In this assignment, we migrate the nycflights13 database from MySQL to MongoDB. The nycflights13 database includes 5 tables:
airlinesairportsflightsplanesweather.We will use the RMySQL package to load the data from the MySQL database and then the mongolite package to save the data into a MongoDB database.
library(tidyverse)
library(RMySQL)
library(mongolite)
First we load the data from the nycflights13 database in MySQL. We use the RMySQL package to connect to the database and to pass the SQL query to load the data. Note that the MySQL instance here is running on ‘localhost’ with my user credentials.

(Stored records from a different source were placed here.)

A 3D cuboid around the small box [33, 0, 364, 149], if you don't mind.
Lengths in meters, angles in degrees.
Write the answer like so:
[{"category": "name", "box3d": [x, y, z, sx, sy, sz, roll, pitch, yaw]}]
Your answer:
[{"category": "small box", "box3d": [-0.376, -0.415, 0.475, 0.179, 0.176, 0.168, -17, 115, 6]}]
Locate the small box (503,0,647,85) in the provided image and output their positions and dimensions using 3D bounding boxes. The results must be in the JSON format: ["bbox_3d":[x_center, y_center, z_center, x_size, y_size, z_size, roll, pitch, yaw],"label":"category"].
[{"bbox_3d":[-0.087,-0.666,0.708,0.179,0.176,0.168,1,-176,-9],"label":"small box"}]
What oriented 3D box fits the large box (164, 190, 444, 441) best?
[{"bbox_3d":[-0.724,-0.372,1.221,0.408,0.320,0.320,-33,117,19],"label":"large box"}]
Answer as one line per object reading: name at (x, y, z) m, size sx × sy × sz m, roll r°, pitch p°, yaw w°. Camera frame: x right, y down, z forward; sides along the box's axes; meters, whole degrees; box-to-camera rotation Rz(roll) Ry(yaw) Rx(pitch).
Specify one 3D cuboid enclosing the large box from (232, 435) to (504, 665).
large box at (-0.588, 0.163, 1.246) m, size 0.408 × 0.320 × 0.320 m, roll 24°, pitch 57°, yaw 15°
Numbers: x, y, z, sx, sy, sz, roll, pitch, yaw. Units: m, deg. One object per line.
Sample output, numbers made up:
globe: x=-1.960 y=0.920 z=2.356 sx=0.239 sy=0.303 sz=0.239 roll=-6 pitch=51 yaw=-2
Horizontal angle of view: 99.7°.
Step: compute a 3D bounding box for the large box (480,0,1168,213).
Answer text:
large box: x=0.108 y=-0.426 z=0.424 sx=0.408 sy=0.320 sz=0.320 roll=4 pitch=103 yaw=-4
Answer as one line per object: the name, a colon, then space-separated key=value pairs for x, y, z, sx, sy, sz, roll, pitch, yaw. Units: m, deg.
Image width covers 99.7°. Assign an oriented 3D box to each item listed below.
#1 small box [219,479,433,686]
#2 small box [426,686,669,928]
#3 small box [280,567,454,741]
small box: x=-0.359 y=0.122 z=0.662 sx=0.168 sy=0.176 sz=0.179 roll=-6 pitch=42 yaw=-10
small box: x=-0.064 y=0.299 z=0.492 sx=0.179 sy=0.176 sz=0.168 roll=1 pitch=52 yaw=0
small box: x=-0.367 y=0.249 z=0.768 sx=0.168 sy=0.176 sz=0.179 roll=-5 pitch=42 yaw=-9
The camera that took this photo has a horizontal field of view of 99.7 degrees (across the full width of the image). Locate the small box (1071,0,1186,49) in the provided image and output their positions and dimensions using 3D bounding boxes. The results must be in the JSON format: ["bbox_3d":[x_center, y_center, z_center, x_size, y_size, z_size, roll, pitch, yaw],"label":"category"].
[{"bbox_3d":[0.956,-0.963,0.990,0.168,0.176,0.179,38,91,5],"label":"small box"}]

# connect to MySQL and get list of tables in the flights database
flights_db <- dbConnect(MySQL(), user=usr, password=pwd, dbname='flights', host='localhost')
tables <- dbListTables(flights_db)
tables
## [1] "airlines" "airports" "flights" "planes" "weather"
# query to load the data from each table
query <- sprintf("SELECT * FROM %s", tables)
query
## [1] "SELECT * FROM airlines" "SELECT * FROM airports"
## [3] "SELECT * FROM flights" "SELECT * FROM planes"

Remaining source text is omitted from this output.